Electrophoretic deposition of chitosan–bioglass®–hydroxyapatite–halloysite nanotube composite coating

Abstract

The composite coatings of chitosan (CS)–bioglass® (BG)–hydroxyapatite (HA)–halloysite nanotube (HNT) were investigated and produced via electrophoretic deposition (EPD) technique. The utilization of CS as a dispersing, blending and charging agent for ceramic particles, including BG, HA and HNT, allowed the formation of CS–BG/HA/HNT composite, functionally graded composite (FGC) and bilayer film containing different layers.
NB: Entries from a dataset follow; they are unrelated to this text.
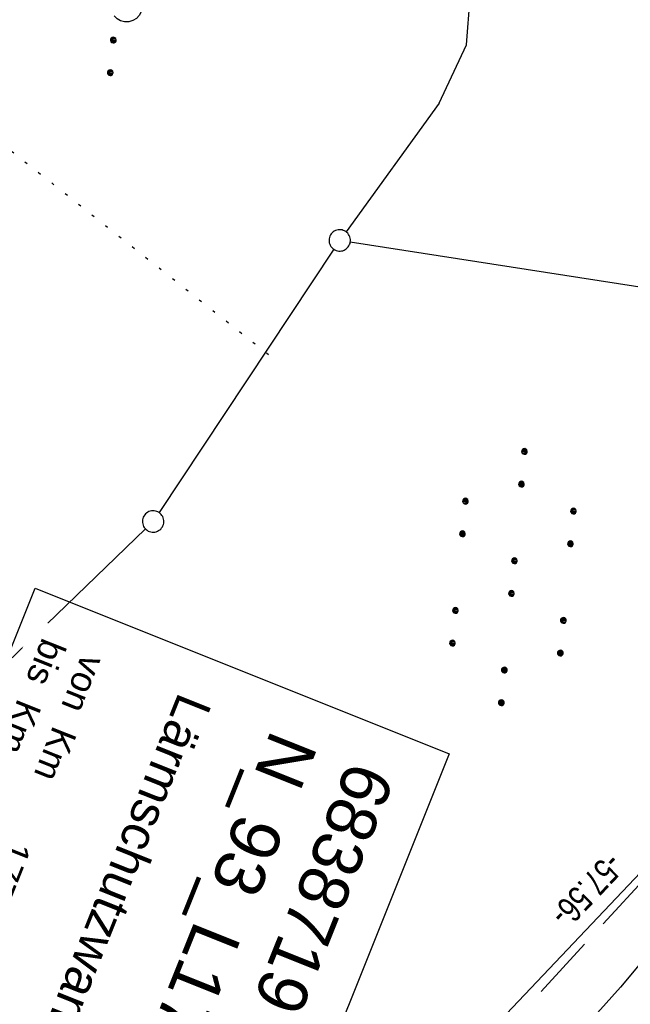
# Model space of a CAD drawing. Extents: x 508366 to 508907, y 448017 to 448810.
# Tile 41 of 47: x 508624 to 508666, y 448624 to 448693. Entities that reach past the tile are written whole.
import ezdxf

# ---------------------------------------------------------------- set-up
doc = ezdxf.new("R2010")
doc.units = 0
doc.header["$LTSCALE"] = 10
doc.header["$MEASUREMENT"] = 0
for name, pattern in [('ACAD_ISO16W100', [73, 15, -6.5, 15, -6.5, 15, -7, 1, -7]), ('AUSGEZOGEN', [0]), ('LT00', [0]), ('PUNKTX2_STR', [0.6, 0.1, -0.5])]:
    doc.linetypes.add(name, pattern=pattern)
doc.layers.get('0').update_dxf_attribs({"linetype": 'LT00'})
for name, color, linetype in [('--EL_DFK_AB_L', 21, 'LT00'), ('--WASSER_GRENZE', 180, 'PUNKTX2_STR'), ('ABSTAND', 8, 'LT00'), ('AS_TEXT_A', 152, 'Continuous'), ('BAB-KABEL', 220, 'ACAD_ISO16W100'), ('BW_TEXT_B', 20, 'AUSGEZOGEN'), ('DFK_AB_L', 21, 'LT00'), ('DFK_GZPKT', 250, 'LT00'), ('DFK_KATASTER', 250, 'LT00'), ('DFK_NUTZUNG', 250, 'LT00'), ('V125_BOESCH', 250, 'LT00')]:
    doc.layers.add(name, color=color, linetype=linetype)
doc.styles.add('Beschrift', font='ARIAL.TTF')
doc.styles.get("Standard").update_dxf_attribs({"font": 'ARIAL.TTF'})
doc.styles.add('UNIR-O', font='unir_o.shx', dxfattribs={"height": 2.5})

# ---------------------------------------------------------------- blocks, each defined once
blk = doc.blocks.new('SYMB7010')
at = {"color": 0, "linetype": 'ByBlock'}
for points in [[(-0.031408, 0.499213), (-0.093728, 0.49134), (-0.15457, 0.475719), (-0.212975, 0.452595), (-0.268021, 0.422333), (-0.31884, 0.385411), (-0.36463, 0.342411), (-0.40467, 0.29401), (-0.438329, 0.240973), (-0.465074, 0.184136), (-0.484486, 0.124395), (-0.496256, 0.062692), (-0.5002, 0)], [(0.5002, 0), (0.496256, 0.062692), (0.484485, 0.124395), (0.465074, 0.184136), (0.438329, 0.240973), (0.40467, 0.29401), (0.36463, 0.342411), (0.31884, 0.385411), (0.268021, 0.422333), (0.212975, 0.452595), (0.15457, 0.475719), (0.093728, 0.49134), (0.031408, 0.499213), (-0.031408, 0.499213)], [(-0.5002, 0), (-0.496256, -0.062692), (-0.484486, -0.124395), (-0.465075, -0.184136), (-0.438329, -0.240973), (-0.404671, -0.29401), (-0.36463, -0.342411), (-0.31884, -0.385411), (-0.268021, -0.422333), (-0.212975, -0.452595), (-0.154571, -0.475719), (-0.093728, -0.49134), (-0.031408, -0.499213), (0.031408, -0.499213)], [(0.031408, -0.499213), (0.093728, -0.491341), (0.15457, -0.475719), (0.212975, -0.452595), (0.268021, -0.422333), (0.31884, -0.385411), (0.36463, -0.342411), (0.404671, -0.294011), (0.438329, -0.240974), (0.465075, -0.184136), (0.484486, -0.124395), (0.496256, -0.062692), (0.500201, 0)]]:
    blk.add_lwpolyline(points, dxfattribs=at)
blk = doc.blocks.new('SYMB7231')
at = {"color": 0, "linetype": 'ByBlock'}
for p, q in [((0.109975, -0.002365), (0.105504, -0.031126)), ((0.23, -0.057081), (0.23, -0.082919)), ((0.235, -0.087105), (0.235, -0.052895)), ((0.24, -0.050836), (0.24, -0.089164)), ((0.245, -0.089796), (0.245, -0.050204)), ((0.25, -0.050836), (0.25, -0.089164)), ((0.255, -0.087105), (0.255, -0.052895)), ((0.26, -0.057081), (0.26, -0.082919)), ((0.46, -0.057081), (0.46, -0.082919)), ((0.465, -0.087105), (0.465, -0.052895)), ((0.47, -0.050836), (0.47, -0.089164)), ((0.475, -0.089796), (0.475, -0.050204)), ((0.48, -0.050836), (0.48, -0.089164)), ((0.485, -0.087105), (0.485, -0.052895)), ((0.49, -0.057081), (0.49, -0.082919)), ((0.265, -0.070126), (0.265, -0.069854)), ((0.495, -0.070126), (0.495, -0.069854))]:
    blk.add_line(p, q, dxfattribs=at)
for points in [[(-0.109975, -0.002365), (-0.106745, 0.026562), (-0.096041, 0.053629), (-0.078613, 0.076941), (-0.055681, 0.094866), (-0.028851, 0.106149), (0, 0.11)], [(0, 0.11), (0.028851, 0.106149), (0.055681, 0.094866), (0.078613, 0.076941), (0.096041, 0.053629), (0.106745, 0.026562), (0.109975, -0.002365)], [(-0.075234, -0.080249), (-0.093647, -0.057708), (-0.105504, -0.031126), (-0.109975, -0.002365)], [(0.105504, -0.031126), (0.093647, -0.057708), (0.075234, -0.080249)], [(0.265, -0.07), (0.263019, -0.061322), (0.25747, -0.054363), (0.24945, -0.050501), (0.24055, -0.050501), (0.23253, -0.054363), (0.226981, -0.061322), (0.225, -0.07), (0.226981, -0.078678), (0.23253, -0.085637), (0.24055, -0.089499), (0.24945, -0.089499), (0.25747, -0.085637), (0.263019, -0.078678), (0.265, -0.07)], [(0.495, -0.07), (0.493019, -0.061322), (0.48747, -0.054363), (0.47945, -0.050501), (0.47055, -0.050501), (0.46253, -0.054363), (0.456981, -0.061322), (0.455, -0.07), (0.456981, -0.078678), (0.46253, -0.085637), (0.47055, -0.089499), (0.47945, -0.089499), (0.48747, -0.085637), (0.493019, -0.078678), (0.495, -0.07)]]:
    blk.add_lwpolyline(points, dxfattribs=at)
blk = doc.blocks.new('SYMB7110')
at = {"color": 0, "linetype": 'ByBlock'}
for p, q in [((-0.515, 0.392919), (-0.515, 0.367081)), ((-0.51, 0.362895), (-0.51, 0.397105)), ((-0.505, 0.399164), (-0.505, 0.360836)), ((-0.5, 0.360204), (-0.5, 0.399796)), ((-0.495, 0.399164), (-0.495, 0.360836)), ((-0.49, 0.362895), (-0.49, 0.397105)), ((-0.485, 0.392919), (-0.485, 0.367081)), ((-0.48, 0.379874), (-0.48, 0.380145)), ((-0.285, 0.392919), (-0.285, 0.367081)), ((-0.28, 0.362895), (-0.28, 0.397105)), ((-0.275, 0.399164), (-0.275, 0.360836)), ((-0.27, 0.360204), (-0.27, 0.399796)), ((-0.265, 0.399164), (-0.265, 0.360836)), ((-0.26, 0.362895), (-0.26, 0.397105)), ((-0.255, 0.392919), (-0.255, 0.367081)), ((-0.25, 0.379874), (-0.25, 0.380146)), ((0.255, 0.392919), (0.255, 0.367081)), ((0.26, 0.362895), (0.26, 0.397105)), ((0.265, 0.399164), (0.265, 0.360836)), ((0.27, 0.360204), (0.27, 0.399796)), ((0.275, 0.399164), (0.275, 0.360836)), ((0.28, 0.362895), (0.28, 0.397105)), ((0.285, 0.392919), (0.285, 0.367081)), ((0.29, 0.379874), (0.29, 0.380145)), ((0.485, 0.392919), (0.485, 0.367081)), ((0.49, 0.362895), (0.49, 0.397105)), ((0.495, 0.399164), (0.495, 0.360836)), ((0.5, 0.360204), (0.5, 0.399796)), ((0.505, 0.399164), (0.505, 0.360836)), ((0.51, 0.362895), (0.51, 0.397105)), ((0.515, 0.392919), (0.515, 0.367081)), ((0.52, 0.379874), (0.52, 0.380146)), ((-0.9, 0.012919), (-0.9, -0.012919)), ((-0.895, -0.017106), (-0.895, 0.017105)), ((-0.89, 0.019164), (-0.89, -0.019164)), ((-0.885, -0.019797), (-0.885, 0.019796)), ((-0.88, 0.019164), (-0.88, -0.019164)), ((-0.875, -0.017106), (-0.875, 0.017105)), ((-0.87, 0.012919), (-0.87, -0.012919)), ((-0.865, -0.000126), (-0.865, 0.000145)), ((-0.67, 0.012919), (-0.67, -0.012919)), ((-0.665, -0.017106), (-0.665, 0.017105)), ((-0.66, 0.019164), (-0.66, -0.019164)), ((-0.655, -0.019797), (-0.655, 0.019796)), ((-0.65, 0.019164), (-0.65, -0.019164)), ((-0.645, -0.017106), (-0.645, 0.017105)), ((-0.64, 0.012919), (-0.64, -0.012919)), ((-0.635, -0.000126), (-0.635, 0.000145)), ((-0.13, 0.012919), (-0.13, -0.012919)), ((-0.125, -0.017105), (-0.125, 0.017105)), ((-0.12, 0.019164), (-0.12, -0.019164)), ((-0.115, -0.019796), (-0.115, 0.019796)), ((-0.11, 0.019164), (-0.11, -0.019164)), ((-0.105, -0.017105), (-0.105, 0.017105)), ((-0.1, 0.012919), (-0.1, -0.012919)), ((-0.095, -0.000126), (-0.095, 0.000146)), ((0.1, 0.012919), (0.1, -0.012919)), ((0.105, -0.017105), (0.105, 0.017105)), ((0.11, 0.019164), (0.11, -0.019164)), ((0.115, -0.019796), (0.115, 0.019796)), ((0.12, 0.019164), (0.12, -0.019164)), ((0.125, -0.017105), (0.125, 0.017105)), ((0.13, 0.012919), (0.13, -0.012919)), ((0.135, -0.000126), (0.135, 0.000146)), ((0.64, 0.012919), (0.64, -0.012919)), ((0.645, -0.017105), (0.645, 0.017105)), ((0.65, 0.019164), (0.65, -0.019164)), ((0.655, -0.019796), (0.655, 0.019796)), ((0.66, 0.019164), (0.66, -0.019164)), ((0.665, -0.017105), (0.665, 0.017105)), ((0.67, 0.012919), (0.67, -0.012919)), ((0.675, -0.000126), (0.675, 0.000146)), ((0.87, 0.012919), (0.87, -0.012919)), ((0.875, -0.017105), (0.875, 0.017105)), ((0.88, 0.019164), (0.88, -0.019164)), ((0.885, -0.019796), (0.885, 0.019796)), ((0.89, 0.019164), (0.89, -0.019164)), ((0.895, -0.017105), (0.895, 0.017105)), ((0.9, 0.012919), (0.9, -0.012919)), ((0.905, -0.000126), (0.905, 0.000146)), ((-0.515, -0.367081), (-0.515, -0.392919)), ((-0.51, -0.397105), (-0.51, -0.362895)), ((-0.505, -0.360836), (-0.505, -0.399164)), ((-0.5, -0.399796), (-0.5, -0.360204)), ((-0.495, -0.360836), (-0.495, -0.399164)), ((-0.49, -0.397106), (-0.49, -0.362895)), ((-0.485, -0.367081), (-0.485, -0.392919)), ((-0.48, -0.380126), (-0.48, -0.379855)), ((-0.285, -0.367081), (-0.285, -0.392919)), ((-0.28, -0.397105), (-0.28, -0.362895)), ((-0.275, -0.360836), (-0.275, -0.399164)), ((-0.27, -0.399796), (-0.27, -0.360204)), ((-0.265, -0.360836), (-0.265, -0.399164)), ((-0.26, -0.397105), (-0.26, -0.362895)), ((-0.255, -0.367081), (-0.255, -0.392919)), ((-0.25, -0.380126), (-0.25, -0.379855)), ((0.255, -0.367081), (0.255, -0.392919)), ((0.26, -0.397105), (0.26, -0.362895)), ((0.265, -0.360836), (0.265, -0.399164)), ((0.27, -0.399796), (0.27, -0.360204)), ((0.275, -0.360836), (0.275, -0.399164)), ((0.28, -0.397105), (0.28, -0.362895)), ((0.285, -0.367081), (0.285, -0.392919)), ((0.29, -0.380126), (0.29, -0.379855)), ((0.485, -0.367081), (0.485, -0.392919)), ((0.49, -0.397105), (0.49, -0.362895)), ((0.495, -0.360836), (0.495, -0.399164)), ((0.5, -0.399796), (0.5, -0.360204)), ((0.505, -0.360836), (0.505, -0.399164)), ((0.51, -0.397105), (0.51, -0.362895)), ((0.515, -0.367081), (0.515, -0.392919)), ((0.52, -0.380126), (0.52, -0.379855))]:
    blk.add_line(p, q, dxfattribs=at)
for points in [[(-0.48, 0.38), (-0.481981, 0.388678), (-0.48753, 0.395637), (-0.49555, 0.399499), (-0.50445, 0.399499), (-0.51247, 0.395637), (-0.518019, 0.388678), (-0.52, 0.38), (-0.518019, 0.371322), (-0.51247, 0.364363), (-0.50445, 0.360501), (-0.49555, 0.360501), (-0.48753, 0.364363), (-0.481981, 0.371322), (-0.48, 0.38)], [(-0.25, 0.38), (-0.251981, 0.388678), (-0.25753, 0.395637), (-0.26555, 0.399499), (-0.27445, 0.399499), (-0.28247, 0.395637), (-0.288019, 0.388678), (-0.29, 0.38), (-0.288019, 0.371322), (-0.28247, 0.364363), (-0.27445, 0.360501), (-0.26555, 0.360501), (-0.25753, 0.364363), (-0.251981, 0.371322), (-0.25, 0.38)], [(0.29, 0.38), (0.288019, 0.388678), (0.28247, 0.395637), (0.27445, 0.399499), (0.26555, 0.399499), (0.25753, 0.395637), (0.251981, 0.388678), (0.25, 0.38), (0.251981, 0.371322), (0.25753, 0.364363), (0.26555, 0.360501), (0.27445, 0.360501), (0.28247, 0.364363), (0.288019, 0.371322), (0.29, 0.38)], [(0.52, 0.38), (0.518019, 0.388678), (0.51247, 0.395637), (0.50445, 0.399499), (0.495549, 0.399499), (0.48753, 0.395637), (0.481981, 0.388678), (0.48, 0.38), (0.481981, 0.371322), (0.48753, 0.364363), (0.495549, 0.360501), (0.50445, 0.360501), (0.51247, 0.364363), (0.518019, 0.371322), (0.52, 0.38)], [(-0.865, 0), (-0.866981, 0.008678), (-0.87253, 0.015637), (-0.88055, 0.019498), (-0.88945, 0.019498), (-0.89747, 0.015637), (-0.903019, 0.008678), (-0.905, 0)], [(-0.905, 0), (-0.903019, -0.008678), (-0.89747, -0.015637), (-0.88945, -0.019499), (-0.88055, -0.019499), (-0.87253, -0.015637), (-0.866981, -0.008678), (-0.865, 0)], [(-0.635, 0), (-0.636981, 0.008678), (-0.64253, 0.015637), (-0.65055, 0.019498), (-0.65945, 0.019498), (-0.66747, 0.015637), (-0.673019, 0.008678), (-0.675, 0)], [(-0.675, 0), (-0.673019, -0.008678), (-0.66747, -0.015637), (-0.65945, -0.019499), (-0.65055, -0.019499), (-0.64253, -0.015637), (-0.636981, -0.008678), (-0.635, 0)], [(-0.095, 0), (-0.096981, 0.008678), (-0.10253, 0.015637), (-0.11055, 0.019499), (-0.11945, 0.019499), (-0.12747, 0.015637), (-0.133019, 0.008678), (-0.135, 0)], [(-0.135, 0), (-0.133019, -0.008678), (-0.12747, -0.015637), (-0.11945, -0.019499), (-0.11055, -0.019499), (-0.10253, -0.015637), (-0.096981, -0.008678), (-0.095, 0)], [(0.135, 0), (0.133019, 0.008678), (0.12747, 0.015637), (0.11945, 0.019499), (0.11055, 0.019499), (0.10253, 0.015637), (0.096981, 0.008678), (0.095, 0)], [(0.095, 0), (0.096981, -0.008678), (0.10253, -0.015637), (0.11055, -0.019499), (0.11945, -0.019499), (0.12747, -0.015637), (0.133019, -0.008678), (0.135, 0)], [(0.675, 0), (0.673019, 0.008678), (0.66747, 0.015637), (0.65945, 0.019499), (0.65055, 0.019499), (0.64253, 0.015637), (0.636981, 0.008678), (0.635, 0)], [(0.635, 0), (0.636981, -0.008678), (0.64253, -0.015637), (0.65055, -0.019499), (0.65945, -0.019499), (0.66747, -0.015637), (0.673019, -0.008678), (0.675, 0)], [(0.905, 0), (0.903019, 0.008678), (0.89747, 0.015637), (0.88945, 0.019499), (0.88055, 0.019499), (0.87253, 0.015637), (0.866981, 0.008678), (0.865, 0)], [(0.865, 0), (0.866981, -0.008678), (0.87253, -0.015637), (0.88055, -0.019499), (0.88945, -0.019499), (0.89747, -0.015637), (0.903019, -0.008678), (0.905, 0)], [(-0.48, -0.38), (-0.481981, -0.371322), (-0.48753, -0.364363), (-0.49555, -0.360501), (-0.50445, -0.360501), (-0.51247, -0.364363), (-0.518019, -0.371322), (-0.52, -0.38), (-0.518019, -0.388678), (-0.51247, -0.395637), (-0.50445, -0.399499), (-0.49555, -0.399499), (-0.48753, -0.395637), (-0.481981, -0.388678), (-0.48, -0.38)], [(-0.25, -0.38), (-0.251981, -0.371322), (-0.25753, -0.364363), (-0.26555, -0.360501), (-0.27445, -0.360501), (-0.28247, -0.364363), (-0.288019, -0.371322), (-0.29, -0.38), (-0.288019, -0.388678), (-0.28247, -0.395637), (-0.27445, -0.399499), (-0.26555, -0.399499), (-0.25753, -0.395637), (-0.251981, -0.388678), (-0.25, -0.38)], [(0.29, -0.38), (0.288019, -0.371322), (0.28247, -0.364363), (0.27445, -0.360501), (0.26555, -0.360501), (0.25753, -0.364363), (0.251981, -0.371322), (0.25, -0.38), (0.251981, -0.388678), (0.25753, -0.395637), (0.26555, -0.399499), (0.27445, -0.399499), (0.28247, -0.395637), (0.288019, -0.388678), (0.29, -0.38)], [(0.52, -0.38), (0.518019, -0.371322), (0.51247, -0.364363), (0.50445, -0.360501), (0.495549, -0.360501), (0.48753, -0.364363), (0.481981, -0.371322), (0.48, -0.38), (0.481981, -0.388678), (0.48753, -0.395637), (0.495549, -0.399499), (0.50445, -0.399499), (0.51247, -0.395637), (0.518019, -0.388678), (0.52, -0.38)]]:
    blk.add_lwpolyline(points, dxfattribs=at)

msp = doc.modelspace()

# ---------------------------------------------------------------- linework, layer by layer
at = {"layer": '--WASSER_GRENZE', "ltscale": 0.2}
msp.add_line((508615.471, 448690.209), (508641.01, 448669.979), dxfattribs=at)
at = {"layer": 'BAB-KABEL', "ltscale": 0.03, "flags": 128}
msp.add_lwpolyline([(508761.637, 448761.991), (508761.413, 448761.665), (508751.074, 448746.056), (508734.064, 448723.741), (508723.724, 448711.345), (508718.212, 448704.459), (508713.613, 448696.376), (508686.717, 448654.757), (508671.534, 448637.703), (508644.305, 448608.039), (508629.576, 448591.601), (508628.23, 448590.167), (508627.243, 448588.193), (508626.505, 448585.996), (508630.756, 448580.349), (508635.557, 448574.979), (508645.734, 448563.785), (508632.922, 448541.342), (508625.71, 448528.169), (508618.608, 448514.09), (508612.89, 448501.411), (508605.911, 448486.638), (508596.525, 448468.082), (508590.352, 448454.717), (508583.484, 448438.345), (508575.927, 448420.369), (508569.566, 448404.62), (508561.374, 448379.926), (508559.189, 448373.378), (508539.254, 448373.924), (508535.422, 448332.257), (508534.583, 448325.665), (508534.174, 448323.891), (508530.897, 448314.887), (508523.651, 448292.891), (508510.802, 448255.585), (508499.723, 448218.809), (508491.79, 448185.85), (508486.047, 448161.381), (508483.035, 448139.227), (508479.751, 448113.403), (508481.527, 448103.17), (508480.164, 448094.262), (508478.935, 448090.579), (508477.433, 448087.401), (508476.34, 448080.034), (508476.228, 448079.151)], dxfattribs=at)
at = {"layer": 'DFK_AB_L'}
msp.add_line((508643.536, 448608.774), (508682.085, 448649.475), dxfattribs=at)
at = {"layer": 'DFK_KATASTER'}
for p, q in [((508654.9, 448691.709), (508656.015, 448706.861)), ((508652.97, 448687.608), (508654.9, 448691.709)), ((508652.97, 448687.608), (508646.45, 448678.588)), ((508693.9, 448670.494), (508646.751, 448677.862)), ((508645.596, 448677.355), (508633.345, 448658.882)), ((508632.391, 448657.737), (508615.22, 448641.17))]:
    msp.add_line(p, q, dxfattribs=at)
at = {"layer": 'V125_BOESCH'}
msp.add_lwpolyline([(508667.226, 448627.426), (508665.69, 448625.572), (508664.088, 448623.776)], dxfattribs=at)

# ---------------------------------------------------------------- block references
at = {"layer": 'DFK_GZPKT', "xscale": 1.500000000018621, "yscale": 1.5, "zscale": 1.5, "rotation": 264.7377099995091}
for p in [(508646.01, 448677.979), (508632.931, 448658.258)]:
    msp.add_blockref('SYMB7010', p, dxfattribs=at)
at = {"layer": 'DFK_NUTZUNG', "yscale": 10, "zscale": 10}
for name, p, xscale, rotation in [('SYMB7231', (508631.058, 448694.408), 10.00000000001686, 264.7377100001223), ('SYMB7110', (508658.15, 448654.355), 9.999999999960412, 264.7377000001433)]:
    msp.add_blockref(name, p, dxfattribs=dict(at, xscale=xscale, rotation=rotation))

# ---------------------------------------------------------------- texts
at = {"layer": 'ABSTAND', "width": 0.75}
msp.add_text('-57.56-', height=1.8, rotation=-133.44368, dxfattribs=at).set_placement((508664.798, 448635.15))
at = {"layer": 'AS_TEXT_A', "insert": (508597.804, 448491.6), "char_height": 5, "attachment_point": 1, "rotation": 248.1984, "style": 'UNIR-O'}
msp.add_mtext('\\pi-29.387;Parkplatz Roßbach', dxfattribs=at)

# ---------------------------------------------------------------- next in the draw order: texts
at = {"layer": 'BW_TEXT_B', "insert": (508649.916, 448640.289), "char_height": 2, "width": 32.85056, "attachment_point": 1, "rotation": 248.1984, "style": 'Beschrift', "bg_fill": 3, "box_fill_scale": 1.5, "bg_fill_color": 256, "bg_fill_transparency": 3938427}
msp.add_mtext('\\pt10,14;{\\Funir_o|c0;\\H1.75x;6838719}\\P\\ptz;{\\H1.75x;N_93_L177,1R\\W0.8;\\P\\H0.3714x;\\W1;\\P\\H1.924x;Lärmschutzwand\\P\\H0.1999x;\\P\\H3.602x;\\P\\pt14;von  Km^I177,191\\Pbis  Km^I178,111}', dxfattribs=at)

# ---------------------------------------------------------------- next in the draw order: linework, layer by layer
at = {"layer": '--EL_DFK_AB_L'}
msp.add_line((508643.536, 448608.774), (508682.085, 448649.475), dxfattribs=at)
at = {"layer": 'BW_TEXT_B'}
msp.add_lwpolyline([(508653.693, 448641.956), (508639.504, 448606.483), (508610.469, 448618.097), (508624.658, 448653.57)], close=True, dxfattribs=at)

doc.saveas('drawing.dxf')

The results of scanning electron microscopy (SEM), energy-dispersive spectrometry (EDS), X-ray diffraction (XRD) and Fourier transform infrared spectroscopy (FTIR) illustrate the composite in the form of the optimum distribution of ceramic components in the CS matrix with thickness of 28 µm on titanium (Ti) substrate. Electrochemical impedance spectroscopy (EIS) and potentiodynamic polarization tests indicate that the corrosion resistance of the coated sample increases in corrected simulated body fluid (C-SBF) at 37 °C. Finally, the apatite-inducing ability of CS–BG–HA–HNT is proved by the formation of carbonated hydroxyapatite particles on composite coating in C-SBF.